Les travailleurs de cette industrie sont souvent précaires, ce sont souvent des femmes, des immigrants, des jeunes. Ils n’ont pas, la plupart du temps, d’assurance emploi ou santé, explique-t-elle.

Il faudrait que le gouvernement arrête de dire qu’il y a des ressources disponibles quand il n’y en a pas. Les seules ressources disponibles ce sont les organismes comme Revivre ou les cliniques privées

Martin Enault, président du conseil d’administration de Revivre

Le directeur général de Revivre, Jean-Rémy Provost, est conscient que l’on ne peut pas faire abstraction des règles sanitaires, mais il croit que l’on doit davantage s’attarder à la santé mentale des Québécois si l’on ne veut pas se retrouver avec une augmentation des troubles anxieux et dépressifs au printemps.

Ça mériterait d’être regardé d’un peu plus près par le gouvernement. Ce n’est pas seulement une question d’argent, mais aussi de consultations et des concertations entre les CLSC, les CIUSSS et les organismes qui oeuvrent en santé mentale, explique-t-il.

L'aide annoncée tarde à se concrétiser

À la fin du mois d'août, la ministre de l'Enseignement supérieur, Danielle McCann, a annoncé une aide de 10 millions de dollars pour bonifier l'offre de soutien en santé mentale offerte aux étudiants, mais sur le terrain les résultats tardent à se faire sentir.

Mme McCann prenant la parle au Salon bleu.

Danielle McCann a admis que l'aide annoncée peut prendre un certain temps avant de se concrétiser sur le terrain.

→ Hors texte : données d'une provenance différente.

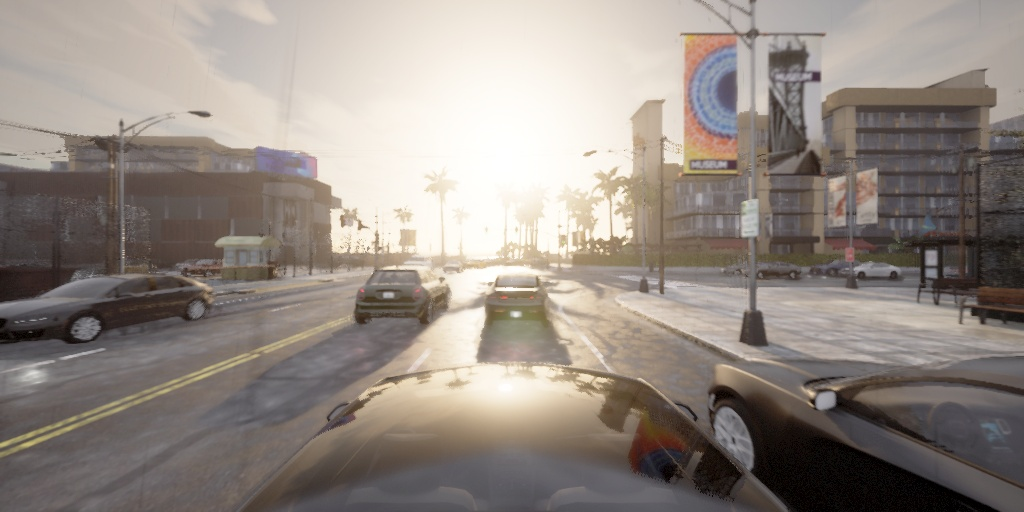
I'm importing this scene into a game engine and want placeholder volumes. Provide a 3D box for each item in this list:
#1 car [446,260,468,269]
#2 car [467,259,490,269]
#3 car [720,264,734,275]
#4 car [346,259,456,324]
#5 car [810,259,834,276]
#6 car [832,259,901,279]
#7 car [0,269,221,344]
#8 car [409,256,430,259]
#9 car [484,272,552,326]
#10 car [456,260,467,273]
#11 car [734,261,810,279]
[{"bbox_3d":[-8.849,1.310,57.769,1.994,1.385,4.181,0,0,15],"label":"car"},{"bbox_3d":[-5.608,1.224,56.422,1.882,1.535,5.008,0,0,15],"label":"car"},{"bbox_3d":[23.476,1.239,35.839,4.902,1.511,2.128,0,0,0],"label":"car"},{"bbox_3d":[-3.409,1.101,12.053,2.097,1.767,4.553,0,0,0],"label":"car"},{"bbox_3d":[32.574,1.099,35.907,4.553,1.767,2.097,0,0,0],"label":"car"},{"bbox_3d":[32.280,1.273,32.403,4.674,1.442,1.812,0,0,0],"label":"car"},{"bbox_3d":[-10.601,1.254,9.644,1.837,1.490,4.892,0,0,0],"label":"car"},{"bbox_3d":[-10.529,0.970,40.172,2.150,2.045,5.566,0,0,1],"label":"car"},{"bbox_3d":[0.224,1.254,11.642,1.837,1.490,4.892,0,0,3],"label":"car"},{"bbox_3d":[-6.968,1.273,42.779,1.812,1.442,4.674,0,0,2],"label":"car"},{"bbox_3d":[23.318,1.239,32.337,4.902,1.511,2.128,0,0,0],"label":"car"}]

Photo : La Presse canadienne / Jacques Boissinot

Interrogée à ce sujet en entrevue à RDI, Danielle McCann a expliqué que cette aide pouvait prendre un certain temps avant d'arriver sur le terrain.

Elle s’est dite préoccupée par l’augmentation des troubles de santé mentale chez les étudiants. On est en train de regarder les mesures que l’on peut prendre pour faire certains ajustements, pour essayer que les étudiants aient davantage de contacts, mais aussi qu’il y ait davantage d’activités et de travaux d’équipe, même si c’est à distance, a-t-elle indiqué.

Le ministre délégué à la Santé et aux Services sociaux, Lionel Carmant, a par ailleurs annoncé la semaine dernière une aide de 900 000 $ à l'organisme Tel-jeunes, submergé d'appels depuis le début de la crise.